- Born: Ekaterina Mikhailovna Shabelskaya Moscow, Russia
- Citizenship: Russian
- Scientific career
- Fields: psychology

= Ekaterina Shabelskaya =

Russian psychologist

Ekaterina Mikhailovna Shabelskaya is a Russian psychologist, systemic family therapist, emotionally focused therapist, and supervisor. She is the founder and director of a psychological center in Zhukovka and serves as the head of the Student Counseling Service at the Center for Systemic Family Therapy (CSFT).

== Biography and education ==

In 2006, Shabelskaya graduated from the Moscow State University of Economics, Statistics and Informatics (MESI) with a degree in management.

In 2011, she graduated from the Humanitarian Institute in Moscow with a degree in psychology, qualifying as a psychologist and psychology instructor.

In 2014, she completed professional retraining in Systemic Family Psychotherapy at the National Research University Higher School of Economics (HSE).

In 2018, she completed the "Theory and Practice of Systemic Family Psychotherapy" program at the Center for Systemic Family Therapy, qualifying as a systemic family therapist and emotionally focused therapist. She also obtained international certification in accordance with the standards of the International Centre for Excellence in Emotionally Focused Therapy (ICEEFT).

== Professional career ==

Shabelskaya specializes in systemic family psychotherapy, emotionally focused therapy, and psychological counseling for individuals, couples, and families.
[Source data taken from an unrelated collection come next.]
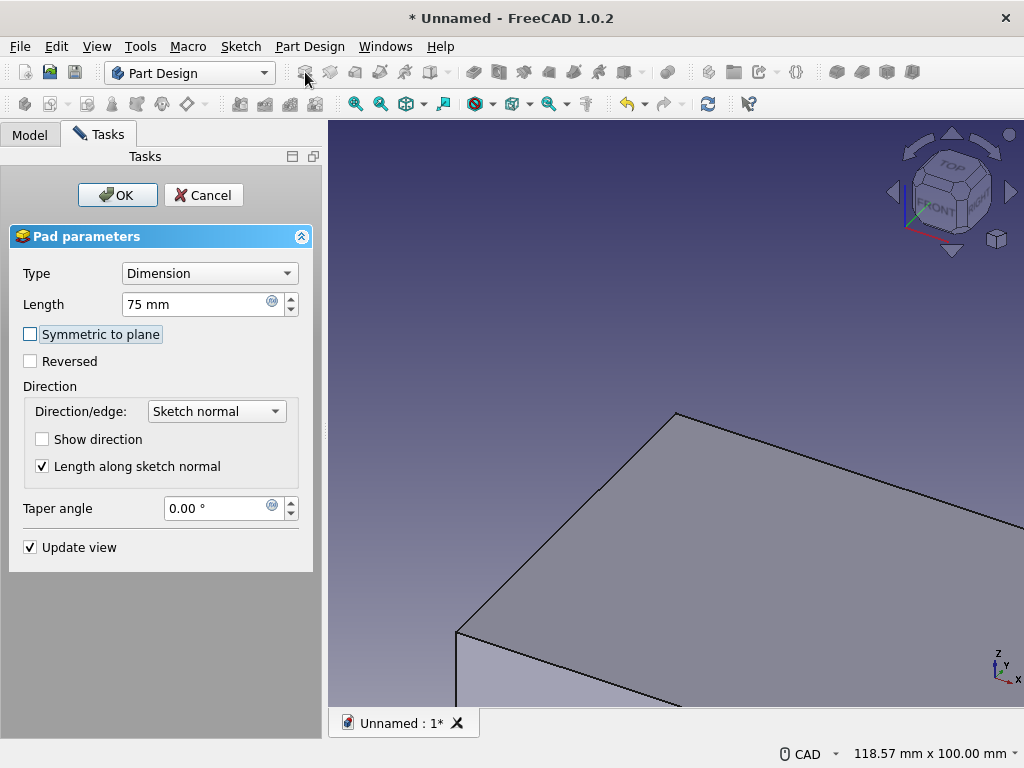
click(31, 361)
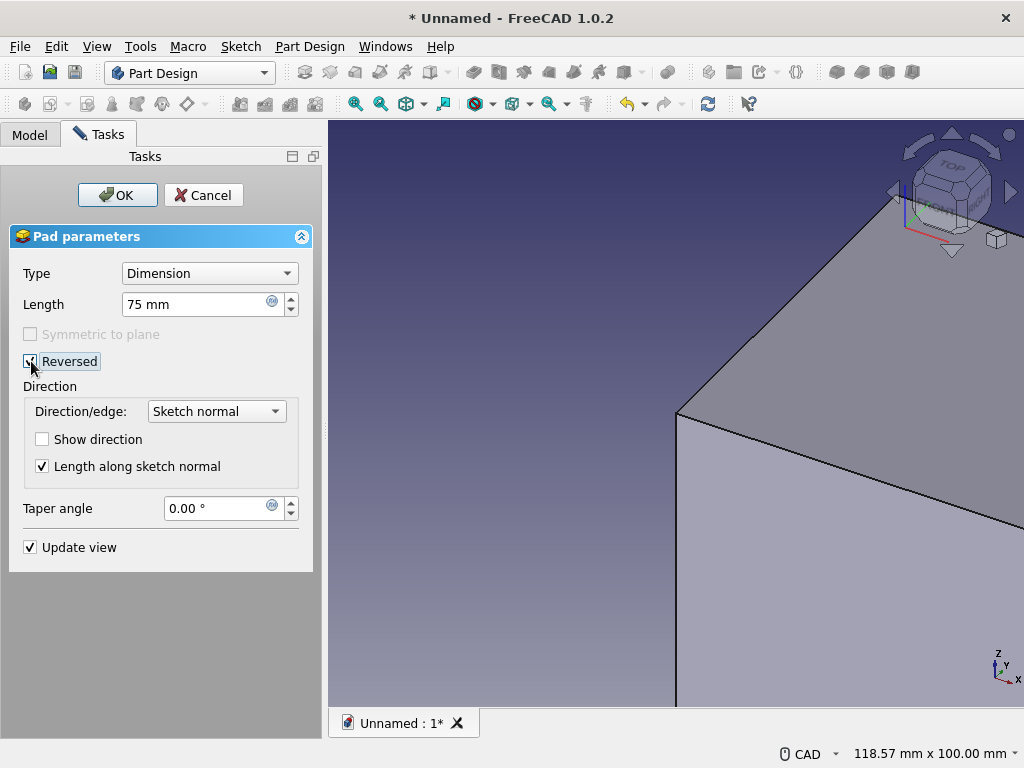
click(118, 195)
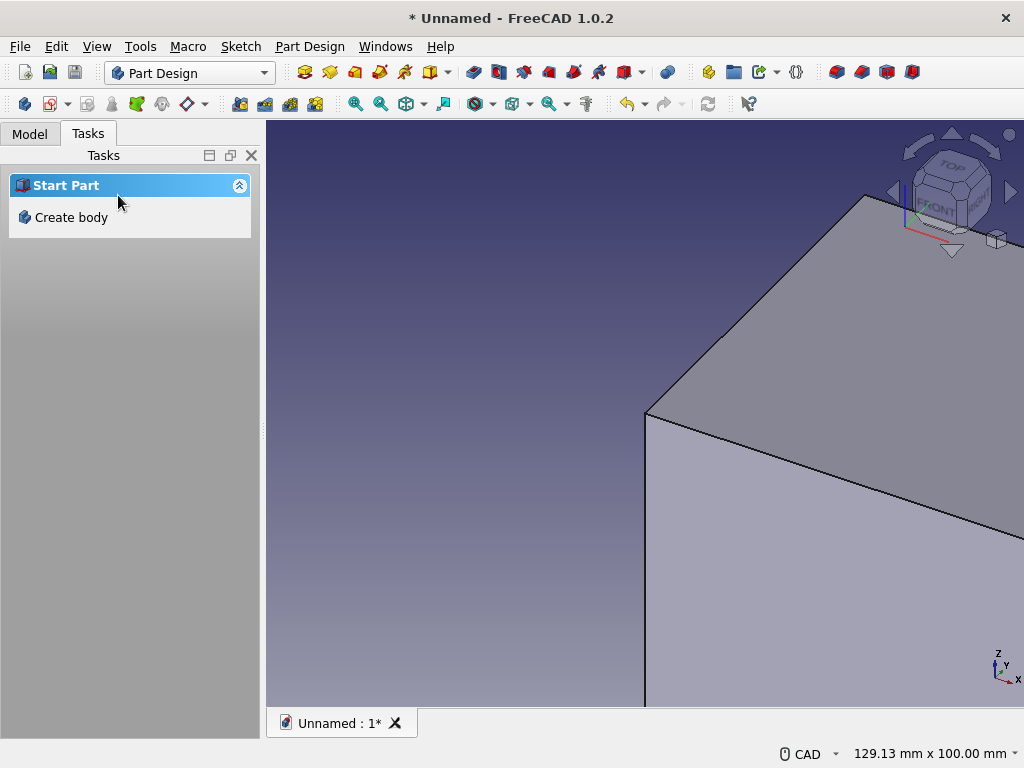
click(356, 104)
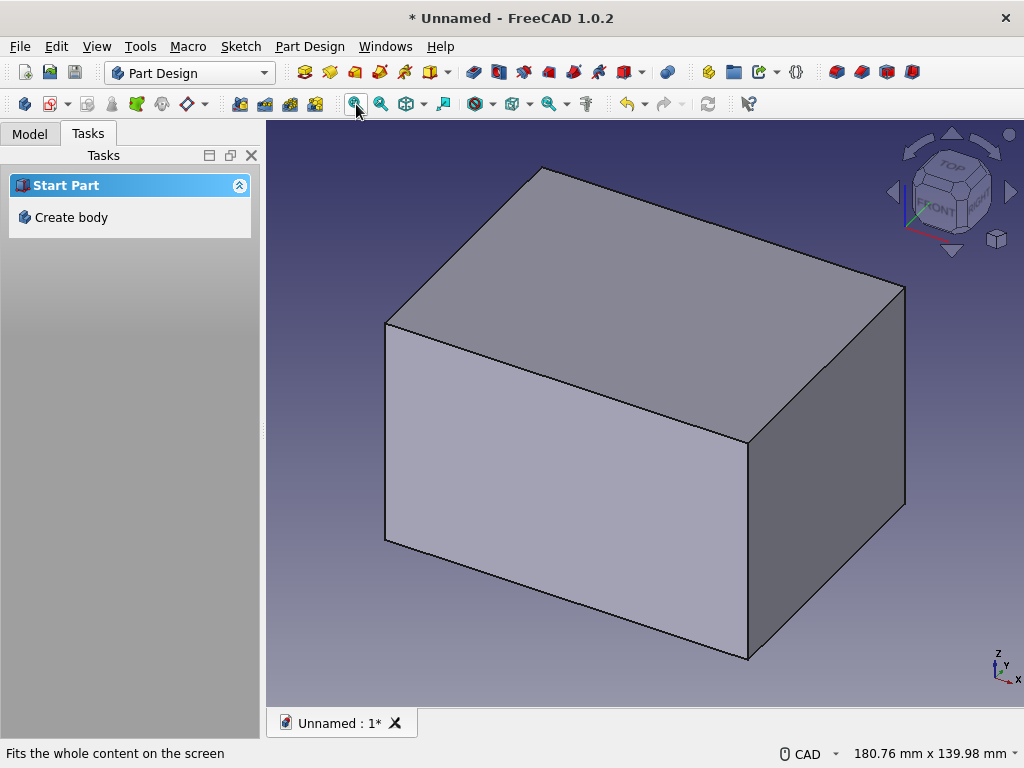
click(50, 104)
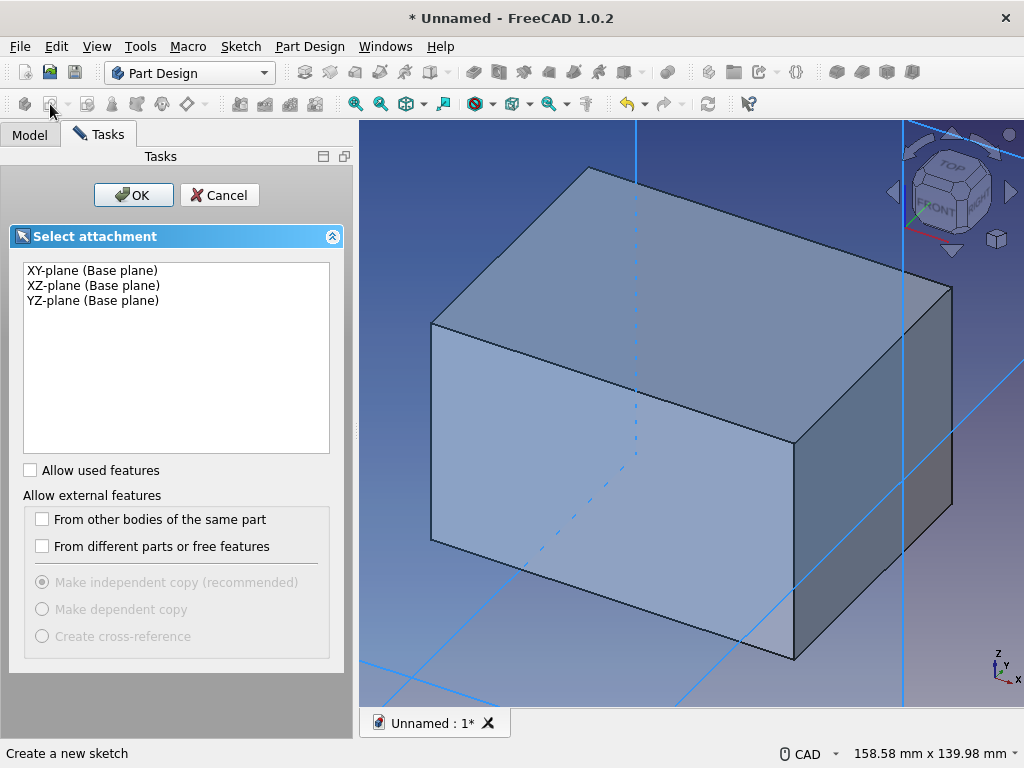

She maintains a private practice and provides counseling to individuals, couples, families, business executives, and professional athletes.

She is the founder and director of a psychological center in Zhukovka, Moscow Oblast. At the Center for Systemic Family Therapy, she serves as the head of the Student Counseling Service.

Shabelskaya is a member of the editorial board of the scientific and practical online journal Psychology and Family Psychotherapy.

She has appeared as a psychology expert in Russian media and has contributed articles to publications including Psychologies, Marie Claire, Hello!, and Parents. She also participated in discussions on the draft federal law "On the Foundations of the Regulation of Psychological Activity in the Russian Federation."